Task to carry out:
What is needed is an exact retyping of each entry, pictures excluded.

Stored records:
● ● ● ●

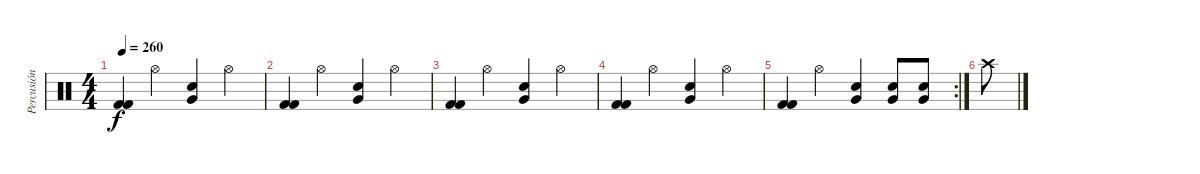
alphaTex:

\track ("Percusión" "Percusión") {instrument percussion}
\staff {score}
\articulation defaults
\ts (4 4)
\tempo 260
\clef neutral
\ks c
("Kick (hit) 2" "Kick (hit) 2").4{dy f} "Hi-Hat (open)".4 ("Very Low Tom (hit)" "Electric Snare (hit)").4 "Hi-Hat (open)".4 |
("Kick (hit) 2" "Kick (hit) 2").4 "Hi-Hat (open)".4 ("Very Low Tom (hit)" "Electric Snare (hit)").4 "Hi-Hat (open)".4 |
("Kick (hit) 2" "Kick (hit) 2").4 "Hi-Hat (open)".4 ("Very Low Tom (hit)" "Electric Snare (hit)").4 "Hi-Hat (open)".4 |
("Kick (hit) 2" "Kick (hit) 2").4 "Hi-Hat (open)".4 ("Very Low Tom (hit)" "Electric Snare (hit)").4 "Hi-Hat (open)".4 |
\rc 2
("Kick (hit) 2" "Kick (hit) 2").4 "Hi-Hat (open)".4 ("Very Low Tom (hit)" "Electric Snare (hit)").4 ("Very Low Tom (hit)" "Electric Snare (hit)").8 ("Very Low Tom (hit)" "Electric Snare (hit)").8 |
"Crash high (hit)".8

● ● ● ●

Response to this exercise:
alphaTex:

\track ("Percusión" "Percusión") {instrument percussion}
\staff {score}
\articulation defaults
\ts (4 4)
\tempo 260
\clef neutral
\ks c
("Kick (hit) 2" "Kick (hit) 2").4{dy f} "Hi-Hat (open)".4 ("Very Low Tom (hit)" "Electric Snare (hit)").4 "Hi-Hat (open)".4 |
("Kick (hit) 2" "Kick (hit) 2").4 "Hi-Hat (open)".4 ("Very Low Tom (hit)" "Electric Snare (hit)").4 "Hi-Hat (open)".4 |
("Kick (hit) 2" "Kick (hit) 2").4 "Hi-Hat (open)".4 ("Very Low Tom (hit)" "Electric Snare (hit)").4 "Hi-Hat (open)".4 |
("Kick (hit) 2" "Kick (hit) 2").4 "Hi-Hat (open)".4 ("Very Low Tom (hit)" "Electric Snare (hit)").4 "Hi-Hat (open)".4 |
\rc 2
("Kick (hit) 2" "Kick (hit) 2").4 "Hi-Hat (open)".4 ("Very Low Tom (hit)" "Electric Snare (hit)").4 ("Very Low Tom (hit)" "Electric Snare (hit)").8 ("Very Low Tom (hit)" "Electric Snare (hit)").8 |
"Crash high (hit)".8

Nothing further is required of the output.